Terence Corcoran
National Post
January 28, 2003
As these words are written at around 4:30 p.m. EST yesterday, the wholesale price of electricity in Ontario is about 10 cents per kilowatt hour. That’s the price paid by wholesale power buyers, including local utilities that run municipal electricity distribution companies. When Toronto Hydro, for example, bought power to supply Canada’s largest city through another cold spell yesterday, it paid an average 10.5 cents through the day. Under the miracle of Premier Ernie Eves’ rigged market, residents of Toronto and the rest of the province pay only 4.3 cents.
It’s the kind of upside-down economic structure you’d expect if Jack Layton were running the province: Buy high, sell low. Crazy, but it gets out the vote. It also creates economic chaos. By about 9 p.m. last night, Ontario residents and businesses would have consumed an average of about 23,000 megawatts of power each hour over the previous 14 hours. That power, at 10.5 cents a kw/h, will have cost local utilities and other buyers about $35-million. At least half the power would have been bought by utilities supplying residential consumers at 4.3 cents, or about $14-million. That leaves a giant $10-million hole in the market, for one day only.
At that rate, it doesn’t take long to dig a really deep hole, which is where the Ontario electricity market is heading. Nobody knows yet what the total losses will be, but after all the subsidies and transfers are complete, Ontario taxpayers could be on the hook for hundreds of millions.
By getting the power market backwards, the Eves government has also created a massive disincentive to rational behavior. The Ontario conservation slogan: Screw it. Consumers have no reason to change their electricity consumption patterns. On the contrary, with the price fixed low and temperatures falling, the average household can crank up the heating system, turn on the lights, switch the electric fireplace to high and rev up the home theatre. At 4.3 cents, everybody is cozily oblivious to the fact that the Ontario electricity market is out of whack and running short.
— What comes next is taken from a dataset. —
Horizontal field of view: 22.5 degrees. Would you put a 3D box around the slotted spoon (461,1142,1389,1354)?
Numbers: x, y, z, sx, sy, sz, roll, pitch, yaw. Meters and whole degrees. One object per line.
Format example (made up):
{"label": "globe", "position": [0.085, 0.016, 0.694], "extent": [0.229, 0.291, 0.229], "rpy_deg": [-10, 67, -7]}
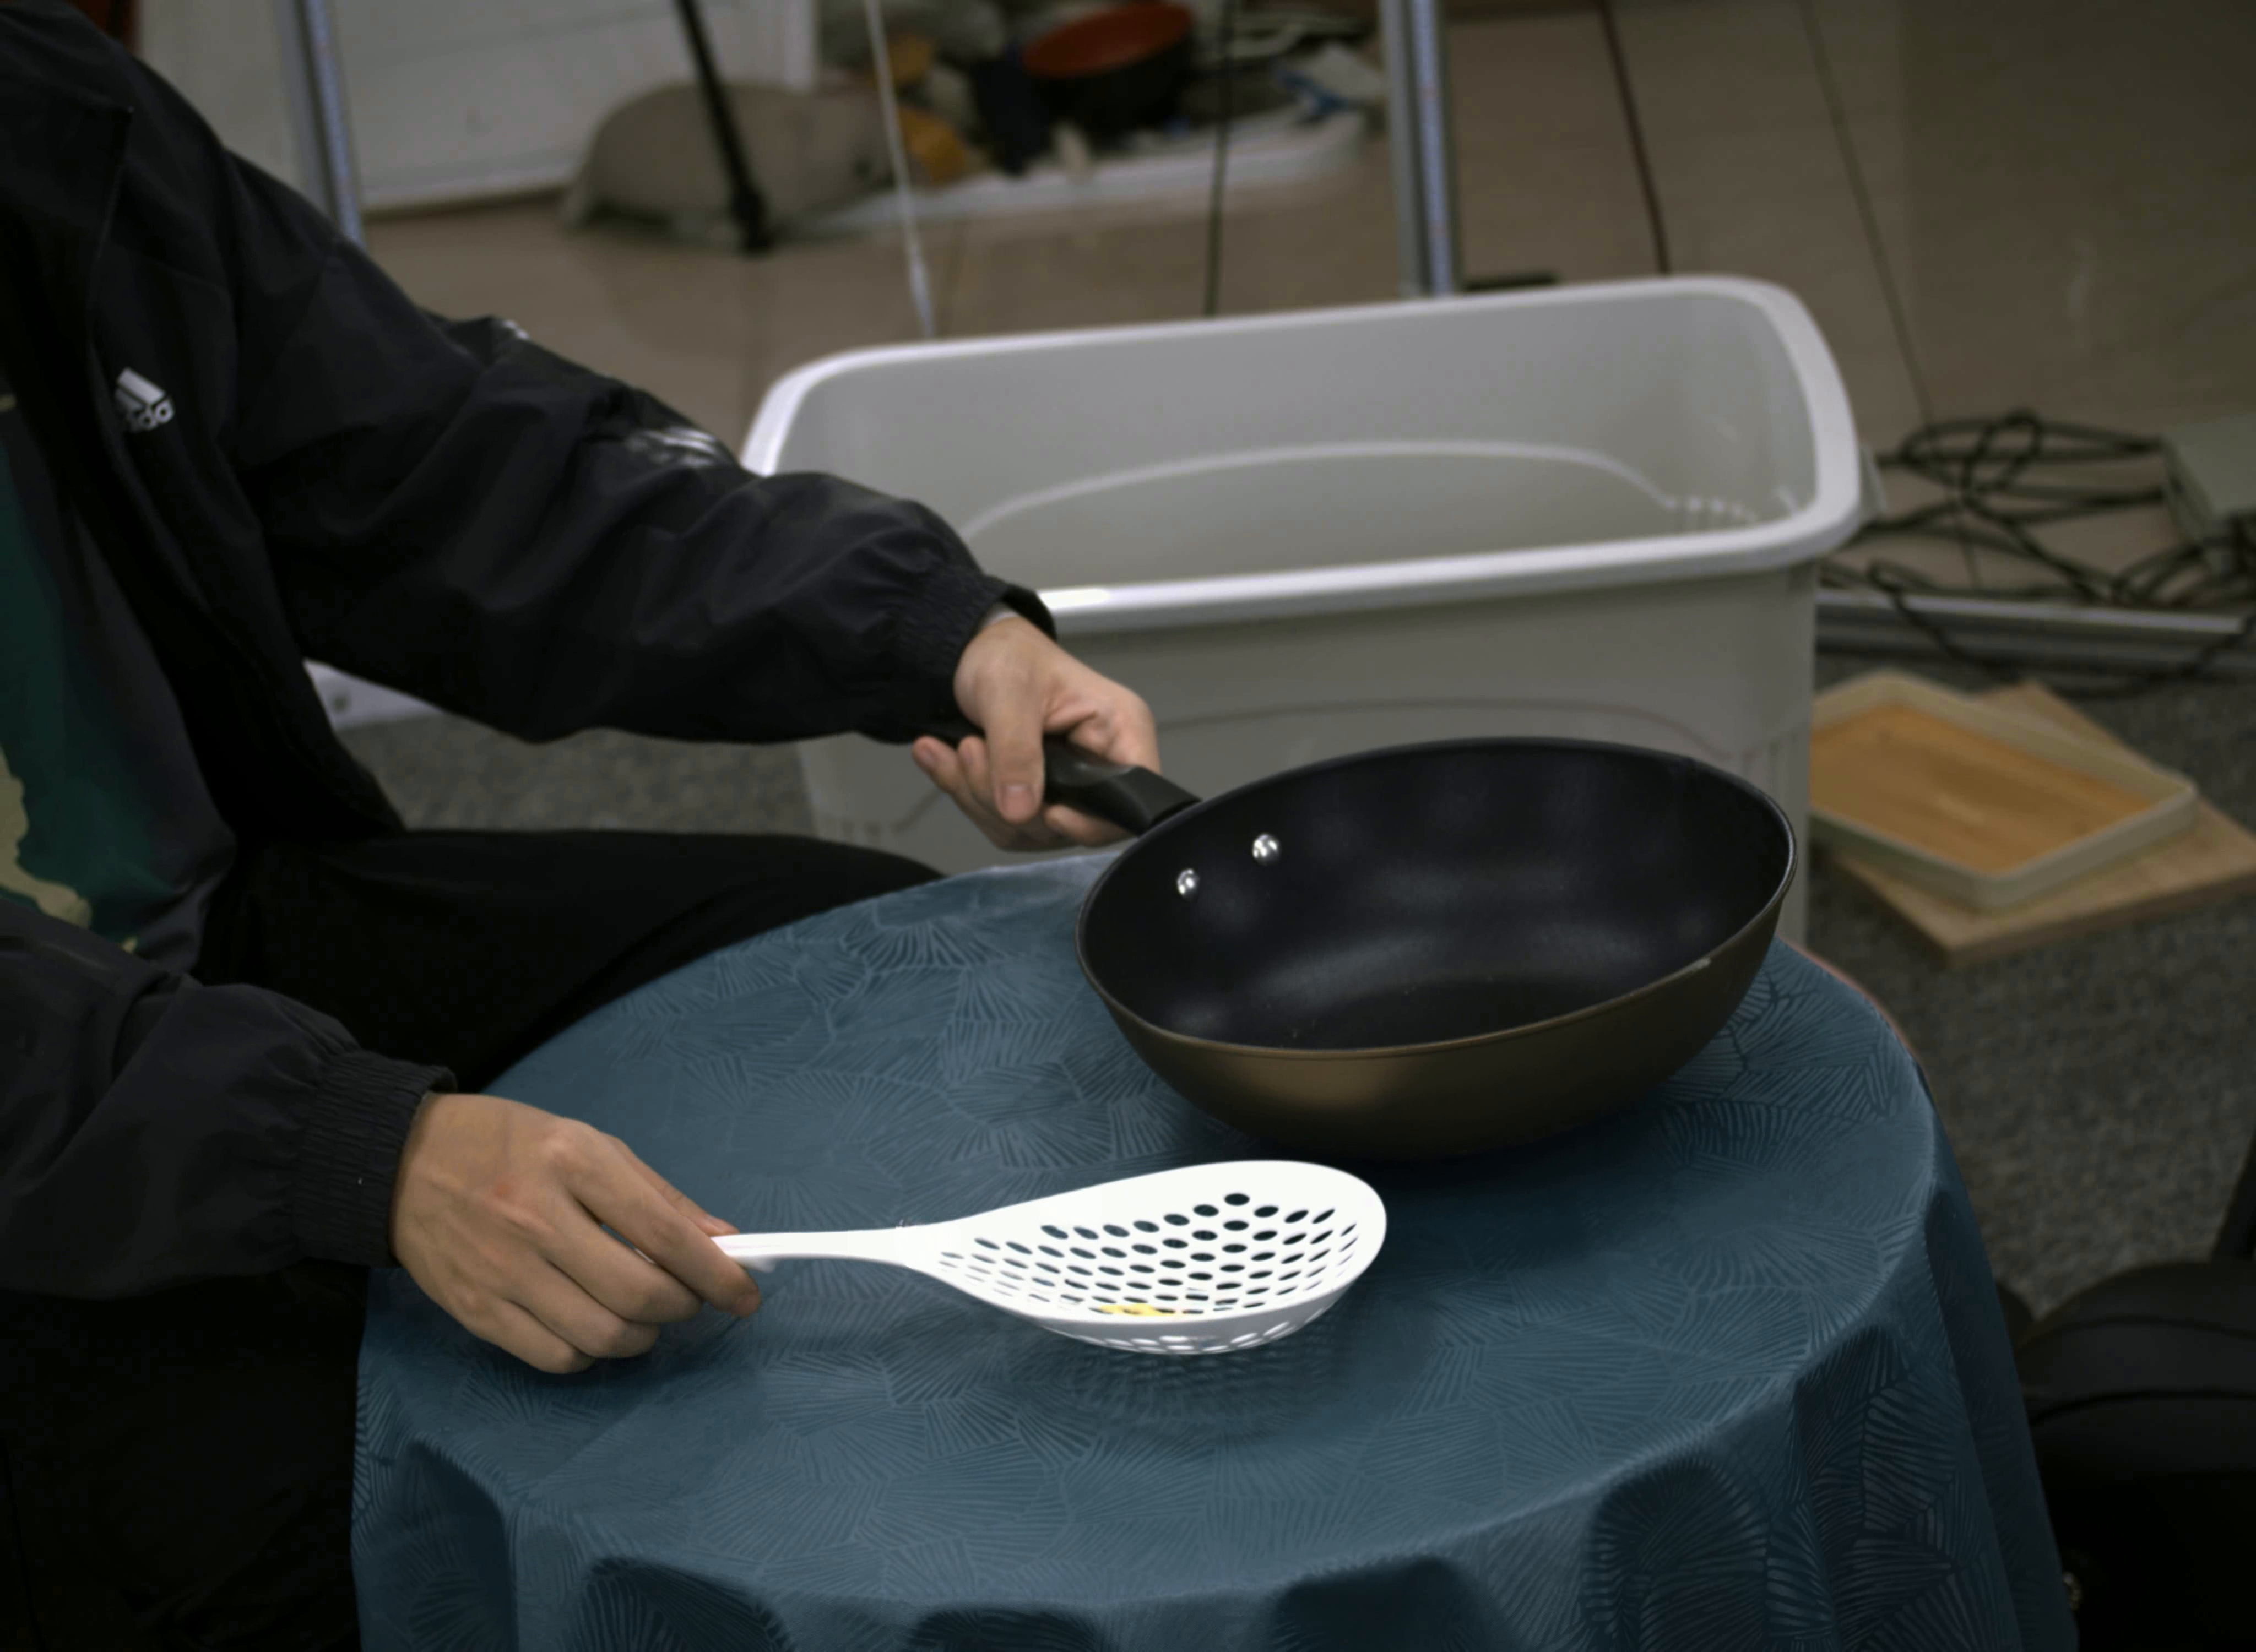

The major concern now is that the province is flirting with the idea of making a bad situation worse. Having frozen the retail price, Ontario Energy Minister John Baird may now be looking at also closing down the wholesale market, the province’s last lifeline to market reality.
The prospect of a freeze in wholesale prices looms in a consultation paper the province circulated last December looking for input from market participants. It asked questions. One question was: "Are the government’s efforts to retain and strengthen the wholesale market the proper approach? What additional efforts should the government undertake to retain and strengthen the wholesale market?"
As Energy Probe‘s Tom Adams put it in his submission, "These Orwellian statements reverse reality. The government has wiped out electricity retailers, who supported the wholesale market through hedging . . . The government has destroyed the independence and authority of the Ontario Energy Board . . . Viewed from a competition perspective, almost every action of the Ontario government since early 2000 has weakened the wholesale market."
Others were less biting, but the theme was the same. The Independent Market Operator, which runs the wholesale market, warned the government against extending the retail freeze to wholesale. Not only would such a freeze wreck price responsiveness, it created risks to the entire system. "Broadening the range of customers to whom fixed pricing is available could put at risk both the reliability of the system and the considerable investment [$1-billion] that has already been made into Ontario’s electricity market reform." It would also "jeopardize the province’s ability to attract new supply and enhance competition."
The IMO says it has already accounted for $445-million in refunds to Ontario consumers via $75 cheques to compensate for the wholesale-retail gap over the past year. More unspecified payments are due. One estimate puts the additional payouts at $200-million; that would bring the total to $645-million. The long-run solution, says the IMO, is to begin planning now to bring retail customers into the market through new metering systems and market pricing.
The IMO gently raises the problem of Ontario Power Generation, the near-monopoly generating giant that controls most of the electricity supply. "The dominant market position of OPG should be addressed," it says.
Some of Ontario’s major corporate power users have a bigger idea. The Association of Major Power Consumers of Ontario (AMPCO) said the .. government-owned corporation should be broken up and privatized. If the Eves government won’t do that, at least it could chop OPG up into five or six subsidiaries that would compete among each other on the market.
The main message from the major briefs was simple: You’ve made a mess of the province’s electricity market, don’t ruin it completely by closing down the wholesale market. It’s the last link to reality.